Les AAV de Paris et de Marseille–Aix‑en‑Provence présentent des profils spécifiques. Dans l’aire de Paris, la baisse (‑12,1 %) reflète presque exclusivement le recul de la fécondité, le nombre de femmes en âge d’avoir des enfants étant resté quasi stable entre 2010 et 2022. À l’inverse, l’aire Marseille–Aix‑en‑Provence affiche la plus forte résistance de la fécondité : l’effet défavorable lié à l’évolution des comportements de fécondité ne contribue qu’à hauteur de ‑5,7 points à la baisse des naissances, soit l’impact négatif le moins fort des grandes AAV. Cette spécificité permet de limiter le recul des naissances (‑6,9 %) malgré un apport migratoire peu soutenu.

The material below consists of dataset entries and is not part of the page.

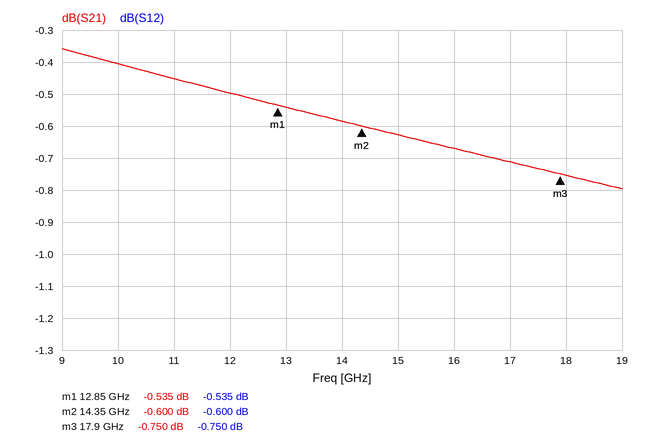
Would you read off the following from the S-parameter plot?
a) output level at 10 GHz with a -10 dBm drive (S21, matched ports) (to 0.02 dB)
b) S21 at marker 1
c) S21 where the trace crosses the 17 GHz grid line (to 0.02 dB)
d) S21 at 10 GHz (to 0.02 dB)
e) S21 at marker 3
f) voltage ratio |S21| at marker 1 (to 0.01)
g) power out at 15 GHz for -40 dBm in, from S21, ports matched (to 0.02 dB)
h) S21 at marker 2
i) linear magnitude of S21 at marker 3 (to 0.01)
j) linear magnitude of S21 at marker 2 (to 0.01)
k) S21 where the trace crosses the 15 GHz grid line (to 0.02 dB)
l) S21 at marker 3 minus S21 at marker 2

-10.40 dBm
-0.535 dB
-0.72 dB
-0.40 dB
-0.750 dB
0.94
-40.62 dBm
-0.600 dB
0.92
0.93
-0.62 dB
-0.150 dB
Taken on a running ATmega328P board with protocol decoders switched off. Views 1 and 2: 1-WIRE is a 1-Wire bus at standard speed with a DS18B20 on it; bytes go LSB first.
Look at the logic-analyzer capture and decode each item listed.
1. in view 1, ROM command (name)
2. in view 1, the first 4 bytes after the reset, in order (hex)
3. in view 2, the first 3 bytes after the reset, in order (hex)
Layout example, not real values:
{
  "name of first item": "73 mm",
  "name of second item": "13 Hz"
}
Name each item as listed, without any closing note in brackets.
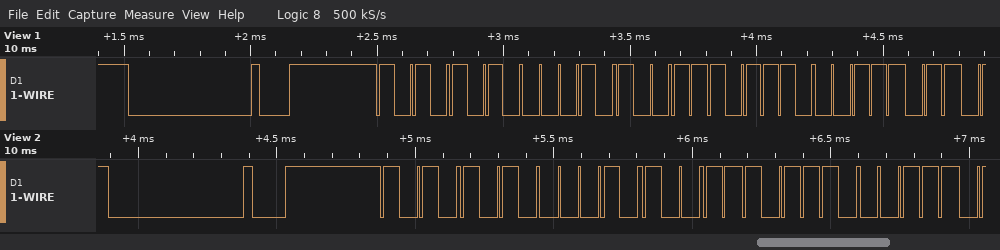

Dans les grandes AAV, une baisse des naissances plus forte dans les communes‑centres
Au sein des grandes aires de 700 000 habitants ou plus (hors Paris), les communes‑centres perdent un peu plus de naissances que leurs couronnes (‑9,5 % contre ‑8,2 %). Pourtant, le nombre de femmes en âge d’avoir des enfants y augmente plus fortement (+8,7 % contre +3,8 %), en particulier chez les moins de 30 ans. Ce décalage entre attractivité et natalité s’explique par une fécondité structurellement plus faible (ICF de 1,49 contre 1,86 dans les couronnes). Elle reflète les trajectoires résidentielles : les jeunes couples s’installent souvent dans les centres puis déménagent en périphérie au moment de l’agrandissement de la famille pour accéder à des logements plus grands et plus abordables. Ce phénomène est accentué par une chute de la fécondité particulièrement marquée chez les 25‑29 ans. Dans les communes‑centres, cette tranche d’âge contribue à la quasi‑totalité de la baisse des naissances, alors qu’elle n’en explique que la moitié au niveau national.